Wednesday, April 10, 2019

postcarnival post

so much tings a gwan i eh even realise me eh do no carnival post, oui; cyah come back with fff and not remedy that omission.
this year thus far, a revelation. tings i thought i know about myself and my relationships proven beautifully beyond my best imaginings and because i believed in me and my knowledge of self [holy shit, that sound so fucking corny coming from me! so not-me] i made what already-obviously-right choices. so now, my ass happy, productive, relieved...
amazing carnival season+show with the canals [ah love it was a solo moment onstage for me, i get to be so fully in it this rounds, deeply, completely inside my song to the point where everynight i would reopen my eyes and be shocked to realise it had people, audience, band, there with me] and canals start our season with this photoshoot, jumpstarting my carnival in paint+glitter 1time...

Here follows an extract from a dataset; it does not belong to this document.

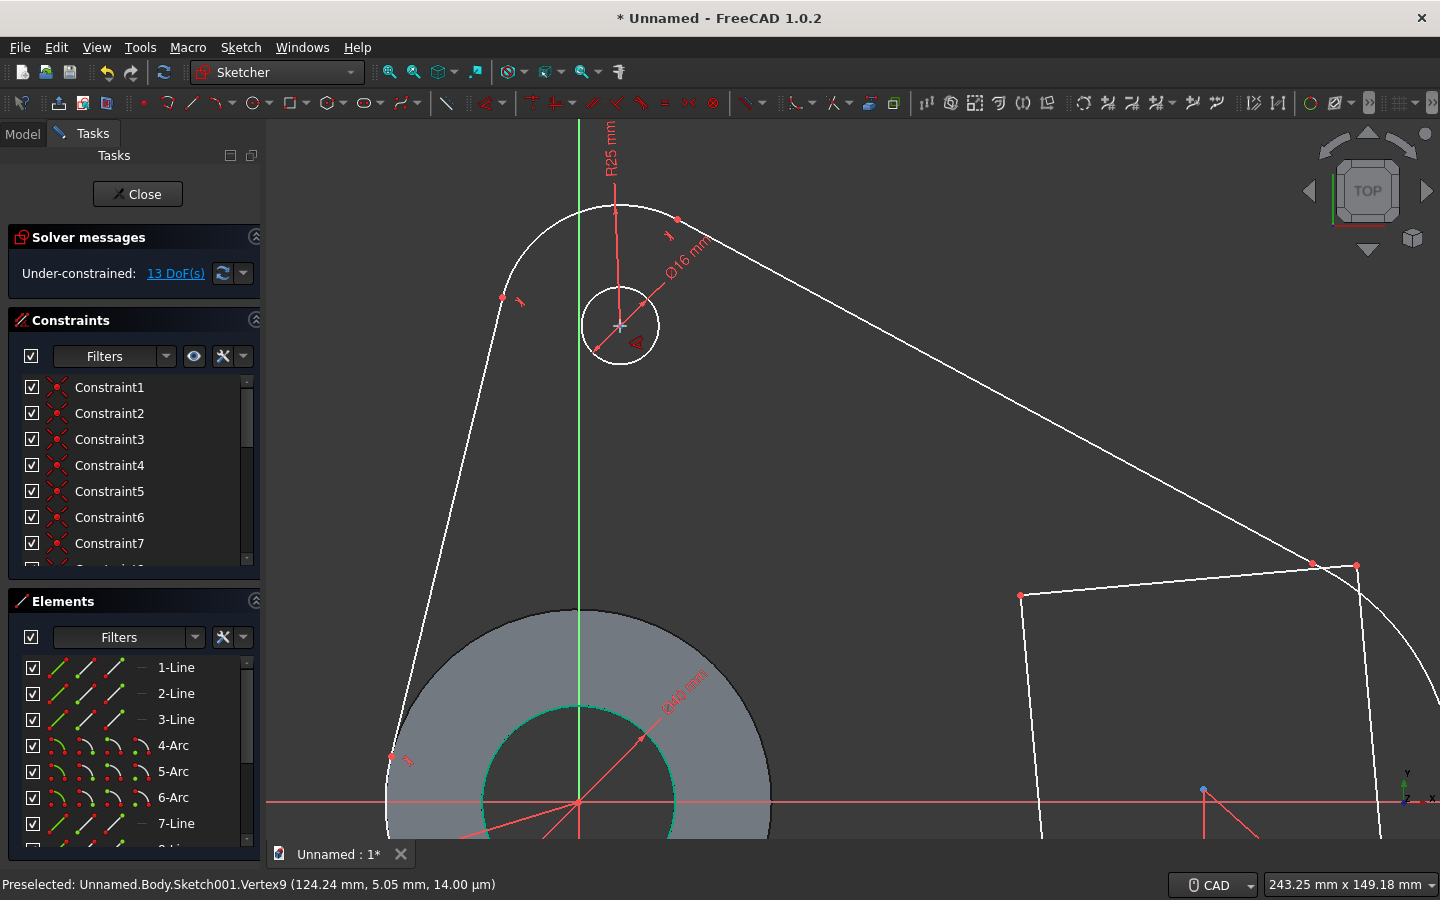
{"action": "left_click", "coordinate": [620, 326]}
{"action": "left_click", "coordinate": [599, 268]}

not having 3canal carnival show run all the way through carnival saturday as usual was a weirdness+tabanca, but my best boys pull me through that plus them hard choices and everyting else, brilliantly; let the record say: them boys is my champions; months now, all since las' year, restoring my faith and keeping me in ganja+guinness, roti+totie [my life plan, as of 2019] keeping me downright happy...me, happy! so bizarre, plus coupled with the strange phenomenon of me being in season, again, at what becoming a little old for this level of being in season...dread, the tings, and the sheer amount i turn down this year already...
i not used to being happy; my life brings me many much-appreciated moments of joy, but i not a happy person, never have been. i remember being weirded out by how happy i was in the earlies of me+grims, and right now weird like that. i happy being single, happy with the choices i making for meself, happy with the work i making, water more than flour already get picked up for something very cool [details later], i do a nex' ting for bbc radio again the other day, happy with my boys, starting to get  a handle on life, tings coming to come maybe...yuhknow? so now i hadda try+learn to relax into it and not always be expecting disaster because is me, and enjoy being happy [seem so obvious, ent? enjoy being happy...] insteada bringing to it the same melancholy i live in inside in my head...
aaand this shit about to get existential; look, lemme mash brakes one time.
talk soon.
walk good.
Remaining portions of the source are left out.